けれど、それが僕の目的だった。階段の近くまで引き寄せる為の、目的。
「じゃ、あばよクソガ——!?」
男が階段を降りようとしたその瞬間、僕は男に向かって全力で走り、男に体当たりした。男を巻き込んで、僕は下のフロアへ転がり落ち、脆くなった壁を突き破って地上へと落下した。
「あがっ……!」
男を下敷きにして、地面へ落ちた僕ですら身体に強い衝撃が走った。だからきっと男もただ事では済まないはずだ。
「んの、クソガキがぁ!」
ドス、と肩に痛みが駆け巡る。右腕が痺れる感覚を味わう時間もなく、今度は僕の身体が吹っ飛ばされる。
「ぐぁ」
「はぁ、はぁ……よくも、やってくれるじゃねぇかよ」
支柱に背中をぶつけた僕は右肩を押さえると、ぬるりとした感触が左手に伝わる。男を見ると、肩で息をしながらナイフを構えた。ナイフには赤い血で濡れている。
なるほど、どうやら刺されたみたいだ。まあ、そうでもなければ落下して肩がこんなにピンポイントで出血するはずもない。
「てめぇは商品にゃあ入ってない」
だから、と男は言葉を区切った。息を吸い込んでいるらしい。鼻の穴を膨らませ、特大の憎悪を僕に向けて言い放つ。
「だからぶっ殺してやるよ! クソガキがぁ!」
「……そう、か」
不思議だ。こんなにも殺気立った相手を前にして、それでも平常心でいられるのは何故だろう。
いや、決まっている。
死ぬのが怖くないからだ。僕にとって、死は意味を持たない。意義もない。
だから、殺してくれるのならそうしてもらいたいものだ。僕は背後の支柱に身体を押し付ける様にしてズルズルと立ち上がる。良かった。全身打撲で済んでいて、無事ではないのは右肩だけのようだ。骨折はしているかもしれないが、そんなのは無事の範疇でしかない。
「何笑ってんだよクソガキぃ……!」
僕は笑っているらしかった。
男に指摘されて初めて僕は自分が笑っている事に気が付いた。だからわざと、笑みを貼り付けたまま、僕は男を見据えた。この男は魔法が使えないらしい。もし使えたのなら、とっくにそうしているし「オレらみたいに魔法を使う資格がない」とまで言っていたのだから。そして、持っているのはただの一本のナイフ。

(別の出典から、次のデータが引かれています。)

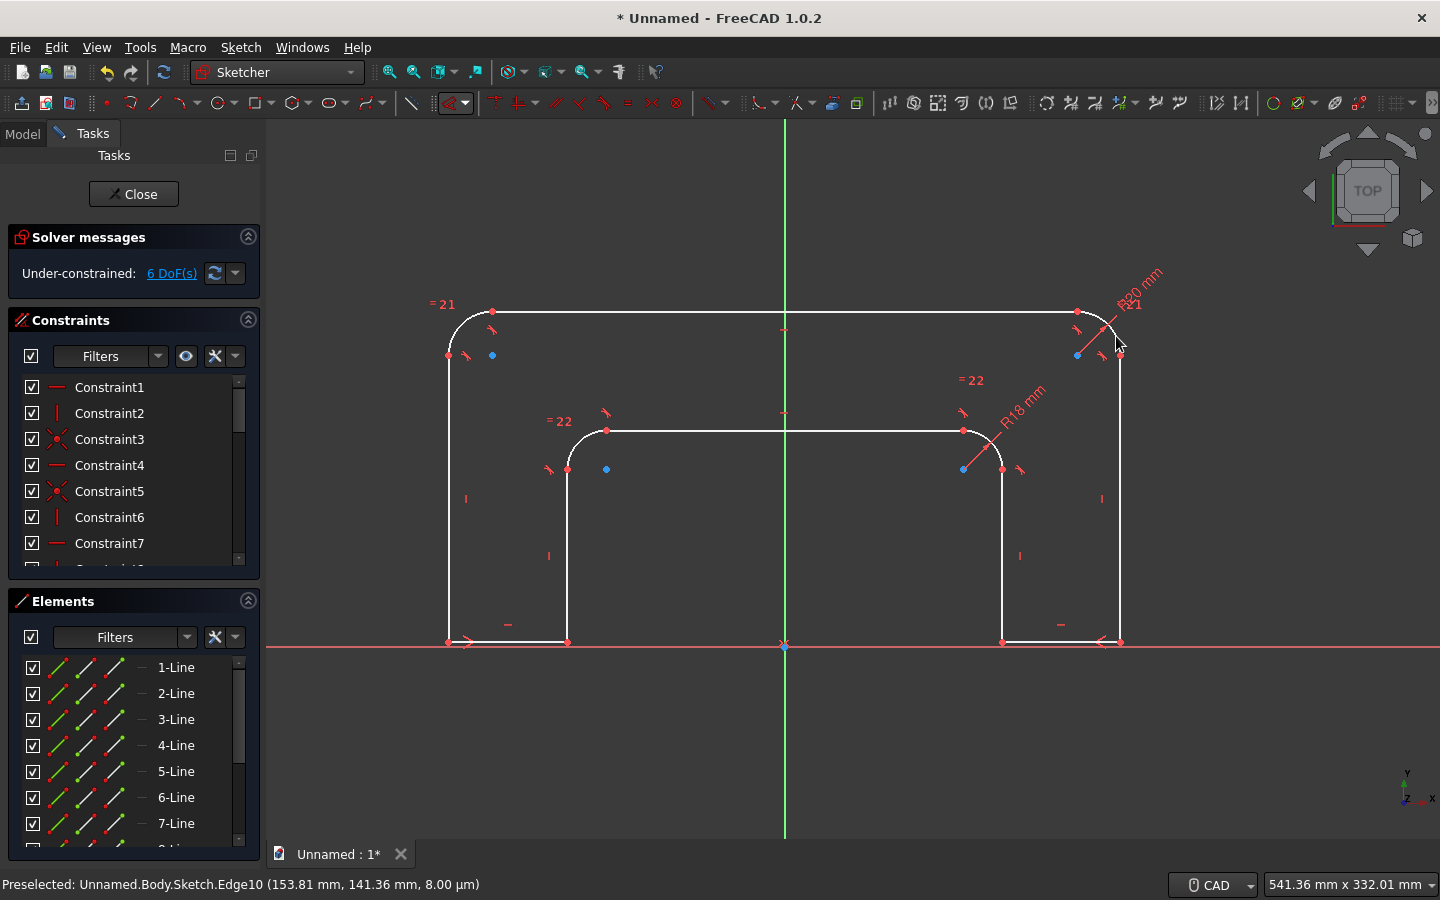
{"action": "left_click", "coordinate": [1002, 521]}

僕は右肩から左手を放すと、ポケットに収まっている紙を握る。荒野と化したこの世界の地面において、僕が再生するのはそれ程苦ではない。この、エレオノーラから貰った紙さえあれば。
「頼むよ」
「ああ?」
僕は呟いた。聞こえているとは思ってもみなかったが、男の耳には入っていたらしい。眉をぴくぴくと動かしながら睨んでくる男に、僕は言った。
「頼むよ、僕を、僕を——」
——殺してくれ。
そして僕は、幾つかにちぎった紙を地面に捨てながら、そう言った。